Source data:

===============

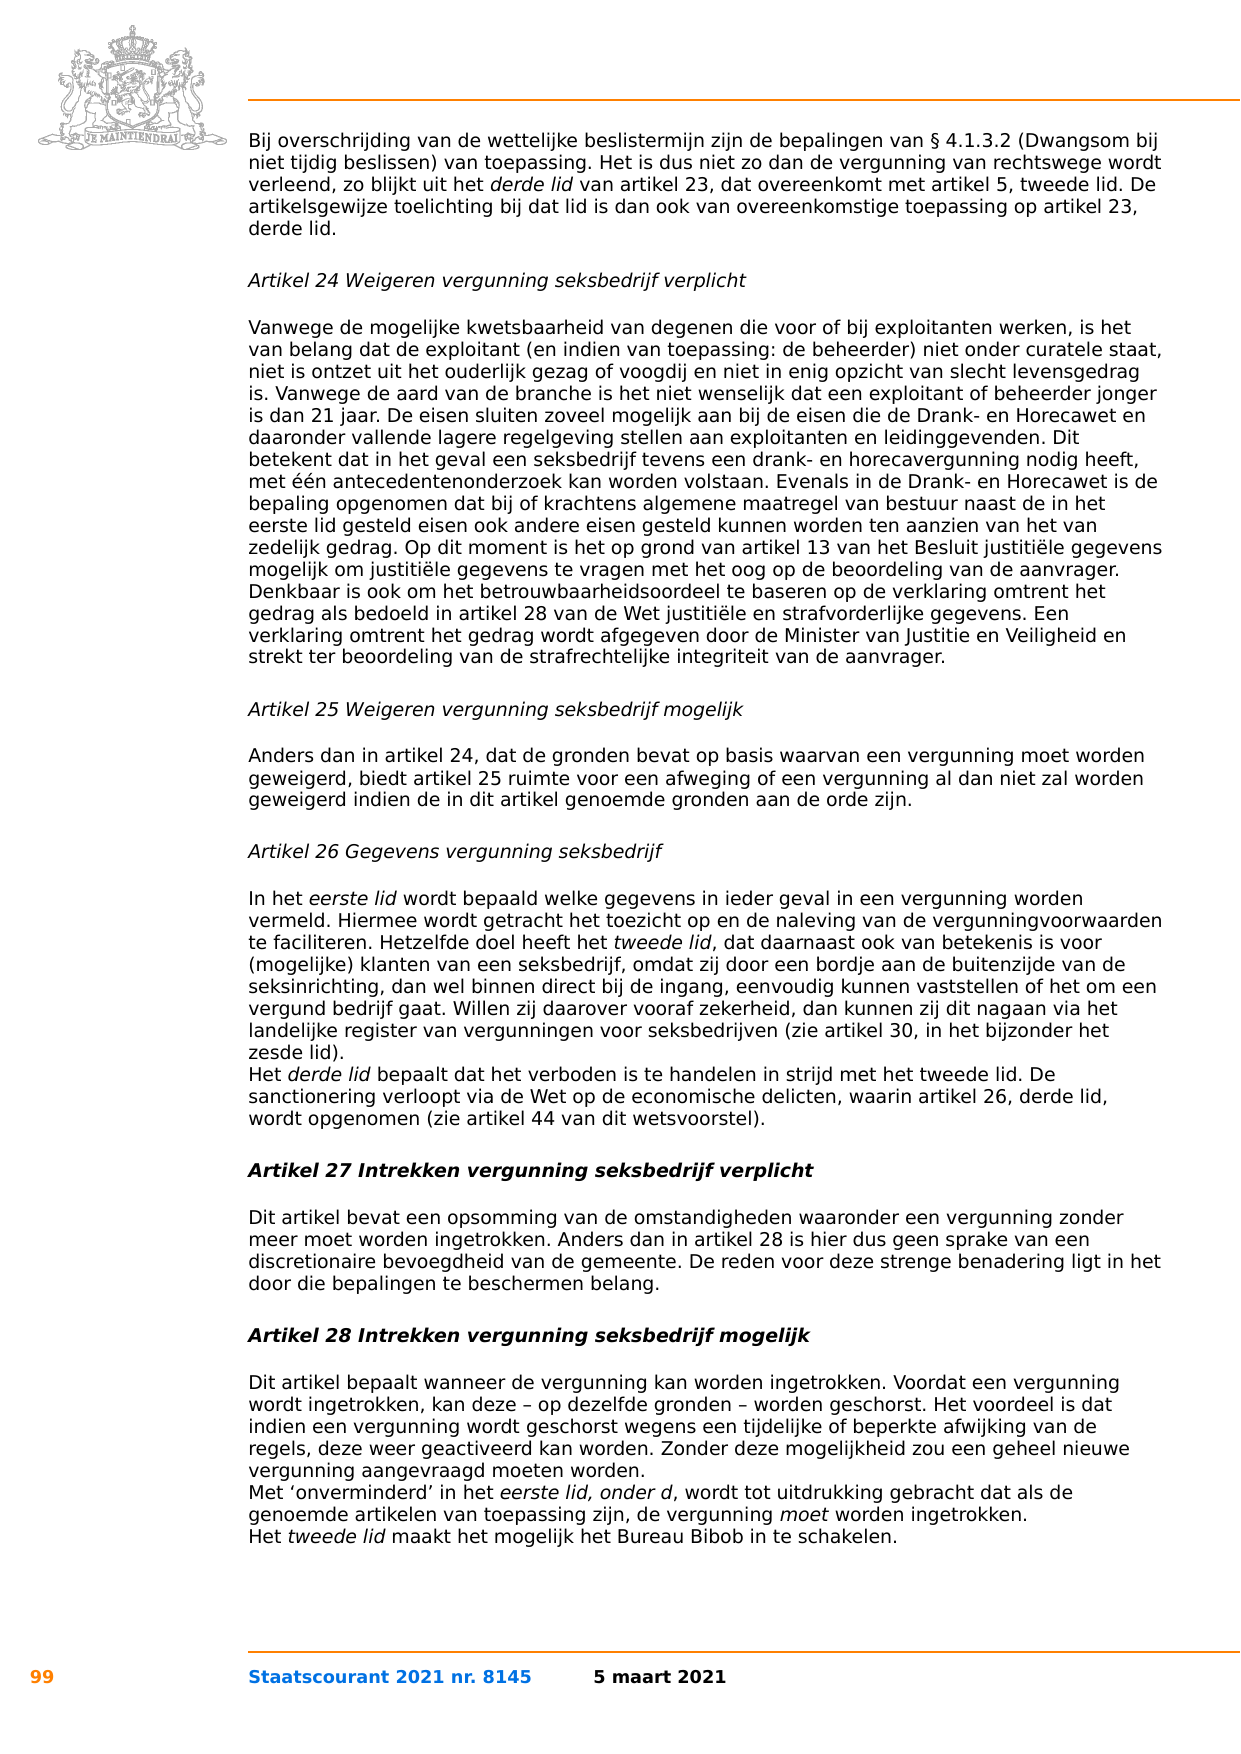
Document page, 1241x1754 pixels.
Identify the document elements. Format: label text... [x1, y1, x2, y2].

text Anders dan in artikel 24, dat de gronden bevat op basis waarvan een vergunning moet worden geweigerd, biedt artikel 25 ruimte voor een afweging of een vergunning al dan niet zal worden geweigerd indien de in dit artikel genoemde gronden aan de orde zijn. [248, 745, 1163, 811]
subtitle Artikel 26 Gegevens vergunning seksbedrijf [248, 841, 1163, 863]
subtitle Artikel 27 Intrekken vergunning seksbedrijf verplicht [248, 1160, 1163, 1182]
text Dit artikel bepaalt wanneer de vergunning kan worden ingetrokken. Voordat een vergunning wordt ingetrokken, kan deze – op dezelfde gronden – worden geschorst. Het voordeel is dat indien een vergunning wordt geschorst wegens een tijdelijke of beperkte afwijking van de regels, deze weer geactiveerd kan worden. Zonder deze mogelijkheid zou een geheel nieuwe vergunning aangevraagd moeten worden. [248, 1372, 1163, 1482]
text Het derde lid bepaalt dat het verboden is te handelen in strijd met het tweede lid. De sanctionering verloopt via de Wet op de economische delicten, waarin artikel 26, derde lid, wordt opgenomen (zie artikel 44 van dit wetsvoorstel). [248, 1064, 1163, 1130]
subtitle Artikel 28 Intrekken vergunning seksbedrijf mogelijk [248, 1325, 1163, 1347]
subtitle Artikel 25 Weigeren vergunning seksbedrijf mogelijk [248, 698, 1163, 720]
text Het tweede lid maakt het mogelijk het Bureau Bibob in te schakelen. [248, 1526, 1163, 1548]
text Bij overschrijding van de wettelijke beslistermijn zijn de bepalingen van § 4.1.3.2 (Dwangsom bij niet tijdig beslissen) van toepassing. Het is dus niet zo dan de vergunning van rechtswege wordt verleend, zo blijkt uit het derde lid van artikel 23, dat overeenkomt met artikel 5, tweede lid. De artikelsgewijze toelichting bij dat lid is dan ook van overeenkomstige toepassing op artikel 23, derde lid. [248, 130, 1163, 240]
subtitle Artikel 24 Weigeren vergunning seksbedrijf verplicht [248, 270, 1163, 292]
text In het eerste lid wordt bepaald welke gegevens in ieder geval in een vergunning worden vermeld. Hiermee wordt getracht het toezicht op en de naleving van de vergunningvoorwaarden te faciliteren. Hetzelfde doel heeft het tweede lid, dat daarnaast ook van betekenis is voor (mogelijke) klanten van een seksbedrijf, omdat zij door een bordje aan de buitenzijde van de seksinrichting, dan wel binnen direct bij de ingang, eenvoudig kunnen vaststellen of het om een vergund bedrijf gaat. Willen zij daarover vooraf zekerheid, dan kunnen zij dit nagaan via het landelijke register van vergunningen voor seksbedrijven (zie artikel 30, in het bijzonder het zesde lid). [248, 888, 1163, 1064]
text Vanwege de mogelijke kwetsbaarheid van degenen die voor of bij exploitanten werken, is het van belang dat de exploitant (en indien van toepassing: de beheerder) niet onder curatele staat, niet is ontzet uit het ouderlijk gezag of voogdij en niet in enig opzicht van slecht levensgedrag is. Vanwege de aard van de branche is het niet wenselijk dat een exploitant of beheerder jonger is dan 21 jaar. De eisen sluiten zoveel mogelijk aan bij de eisen die de Drank- en Horecawet en daaronder vallende lagere regelgeving stellen aan exploitanten en leidinggevenden. Dit betekent dat in het geval een seksbedrijf tevens een drank- en horecavergunning nodig heeft, met één antecedentenonderzoek kan worden volstaan. Evenals in de Drank- en Horecawet is de bepaling opgenomen dat bij of krachtens algemene maatregel van bestuur naast de in het eerste lid gesteld eisen ook andere eisen gesteld kunnen worden ten aanzien van het van zedelijk gedrag. Op dit moment is het op grond van artikel 13 van het Besluit justitiële gegevens mogelijk om justitiële gegevens te vragen met het oog op de beoordeling van de aanvrager. Denkbaar is ook om het betrouwbaarheidsoordeel te baseren op de verklaring omtrent het gedrag als bedoeld in artikel 28 van de Wet justitiële en strafvorderlijke gegevens. Een verklaring omtrent het gedrag wordt afgegeven door de Minister van Justitie en Veiligheid en strekt ter beoordeling van de strafrechtelijke integriteit van de aanvrager. [248, 317, 1163, 668]
text Met ‘onverminderd’ in het eerste lid, onder d, wordt tot uitdrukking gebracht dat als de genoemde artikelen van toepassing zijn, de vergunning moet worden ingetrokken. [248, 1482, 1163, 1526]
picture [38, 25, 227, 150]
text Dit artikel bevat een opsomming van de omstandigheden waaronder een vergunning zonder meer moet worden ingetrokken. Anders dan in artikel 28 is hier dus geen sprake van een discretionaire bevoegdheid van de gemeente. De reden voor deze strenge benadering ligt in het door die bepalingen te beschermen belang. [248, 1207, 1163, 1295]
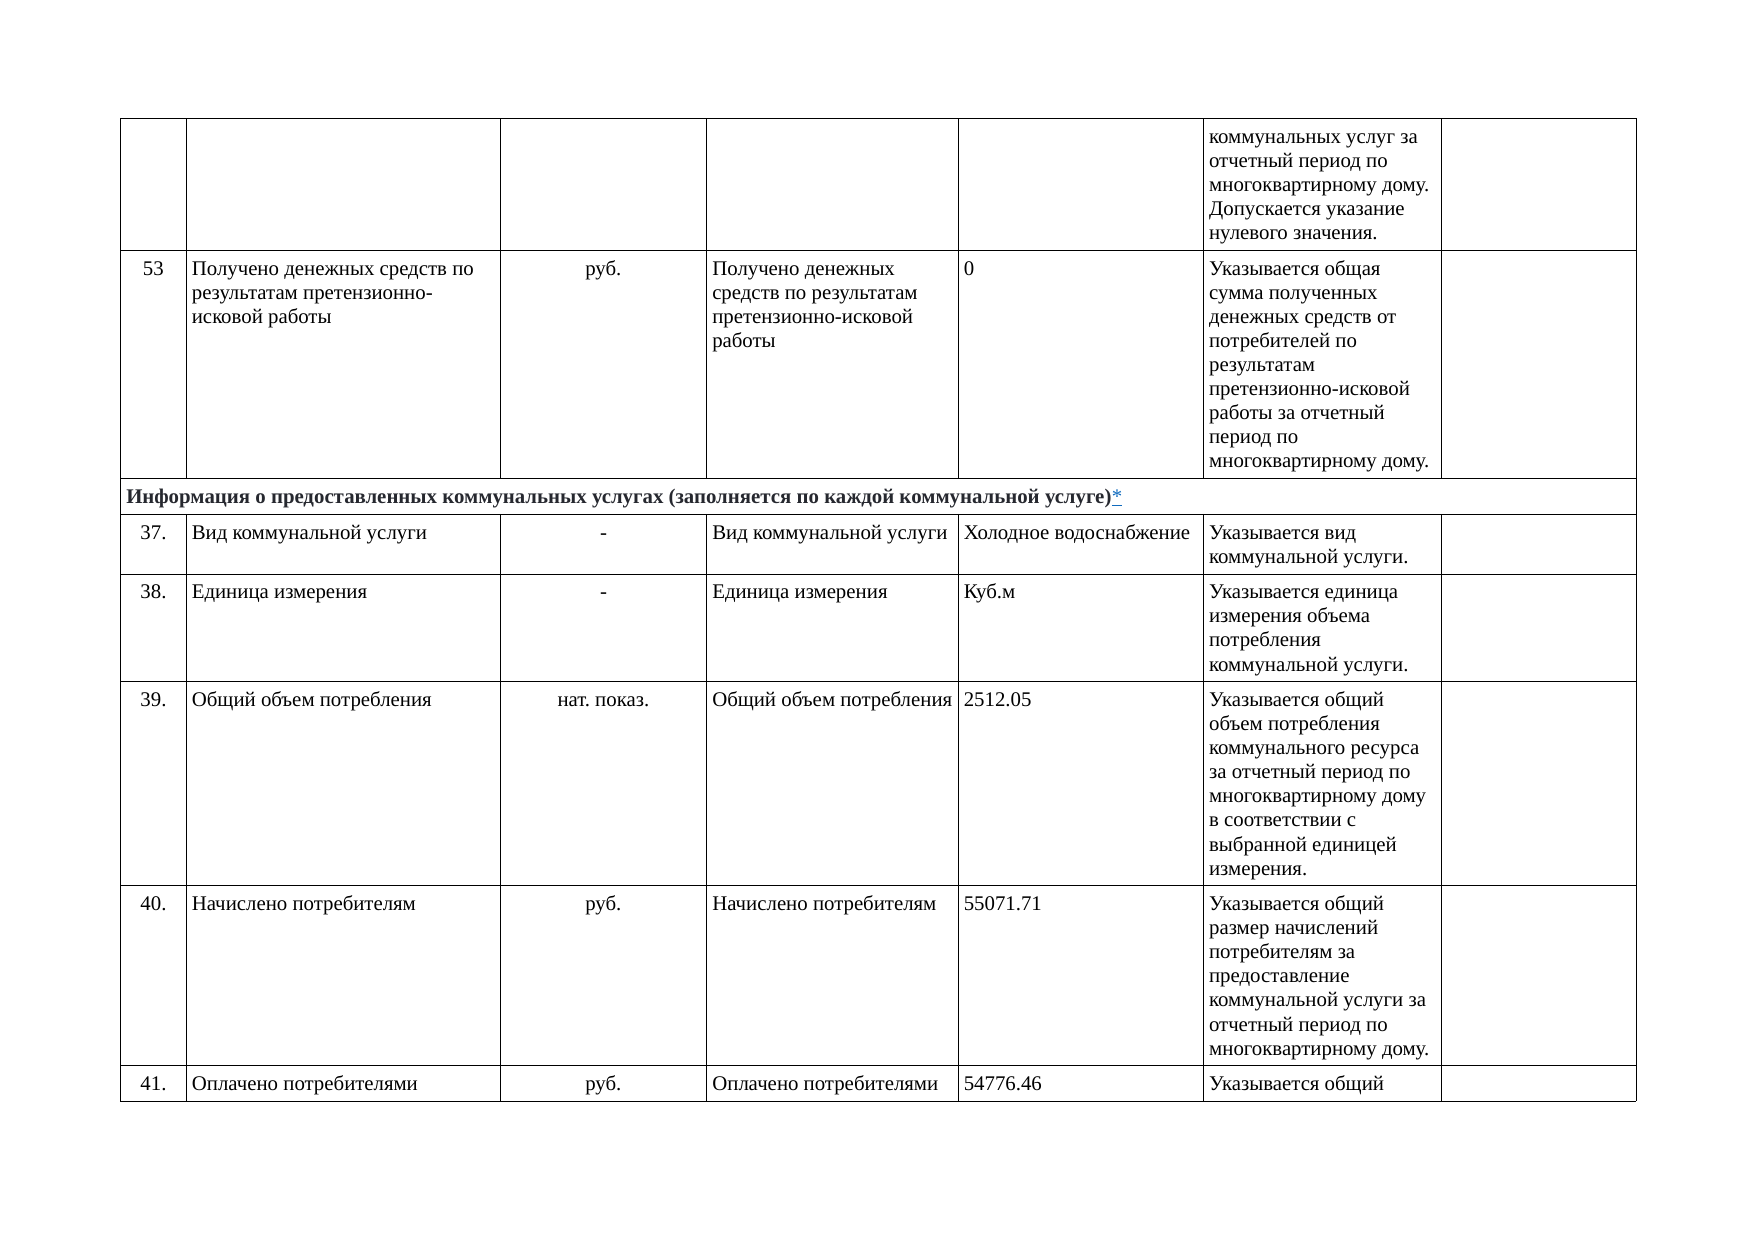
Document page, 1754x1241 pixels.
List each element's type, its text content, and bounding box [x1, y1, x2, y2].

table_cell Указывается общая сумма полученных денежных средств от потребителей по результатам претензионно-исковой работы за отчетный период по многоквартирному дому. [1204, 251, 1441, 478]
table_cell Указывается вид коммунальной услуги. [1204, 515, 1441, 573]
table_cell - [501, 515, 706, 573]
table_cell 38. [121, 575, 186, 681]
table_cell Холодное водоснабжение [959, 515, 1203, 573]
table_cell нат. показ. [501, 682, 706, 885]
table_cell Общий объем потребления [187, 682, 500, 885]
table_cell Указывается единица измерения объема потребления коммунальной услуги. [1204, 575, 1441, 681]
table_cell руб. [501, 251, 706, 478]
table_cell 41. [121, 1066, 186, 1101]
table_cell - [501, 575, 706, 681]
table_cell Получено денежных средств по результатам претензионно-исковой работы [187, 251, 500, 478]
table_cell [1442, 1066, 1636, 1101]
table_cell [1442, 886, 1636, 1065]
table_cell 37. [121, 515, 186, 573]
table_cell 55071,71 [959, 886, 1203, 1065]
table_cell Куб.м [959, 575, 1203, 681]
table_cell 0 [959, 251, 1203, 478]
table_cell Вид коммунальной услуги [187, 515, 500, 573]
table_cell [1442, 119, 1636, 250]
table_cell Единица измерения [707, 575, 958, 681]
table_cell [1442, 575, 1636, 681]
table_cell Указывается общий объем потребления коммунального ресурса за отчетный период по многоквартирному дому в соответствии с выбранной единицей измерения. [1204, 682, 1441, 885]
table_cell коммунальных услуг за отчетный период по многоквартирному дому. Допускается указание нулевого значения. [1204, 119, 1441, 250]
table_cell 39. [121, 682, 186, 885]
table_cell руб. [501, 1066, 706, 1101]
table_cell Начислено потребителям [707, 886, 958, 1065]
table_cell [121, 119, 186, 250]
table_cell Вид коммунальной услуги [707, 515, 958, 573]
table_cell 40. [121, 886, 186, 1065]
table_cell [959, 119, 1203, 250]
table_cell Указывается общий [1204, 1066, 1441, 1101]
table_cell 54776,46 [959, 1066, 1203, 1101]
table_cell [1442, 251, 1636, 478]
table_cell Информация о предоставленных коммунальных услугах (заполняется по каждой коммунальной услуге)* [121, 479, 1636, 514]
table_cell Оплачено потребителями [707, 1066, 958, 1101]
table_cell [1442, 515, 1636, 573]
table_cell [501, 119, 706, 250]
table_cell [707, 119, 958, 250]
table_cell руб. [501, 886, 706, 1065]
table_cell Общий объем потребления [707, 682, 958, 885]
table_cell 2512,05 [959, 682, 1203, 885]
table_cell Оплачено потребителями [187, 1066, 500, 1101]
table_cell Получено денежных средств по результатам претензионно-исковой работы [707, 251, 958, 478]
table_cell Указывается общий размер начислений потребителям за предоставление коммунальной услуги за отчетный период по многоквартирному дому. [1204, 886, 1441, 1065]
table_cell [1442, 682, 1636, 885]
table_cell Единица измерения [187, 575, 500, 681]
table_cell 53 [121, 251, 186, 478]
table_cell Начислено потребителям [187, 886, 500, 1065]
table_cell [187, 119, 500, 250]

===============

Action item – In the data above, find each line that has the word "subtitle" and copy it out.

Written response –
subtitle Artikel 26 Gegevens vergunning seksbedrijf [248, 841, 1163, 863]
subtitle Artikel 27 Intrekken vergunning seksbedrijf verplicht [248, 1160, 1163, 1182]
subtitle Artikel 28 Intrekken vergunning seksbedrijf mogelijk [248, 1325, 1163, 1347]
subtitle Artikel 25 Weigeren vergunning seksbedrijf mogelijk [248, 698, 1163, 720]
subtitle Artikel 24 Weigeren vergunning seksbedrijf verplicht [248, 270, 1163, 292]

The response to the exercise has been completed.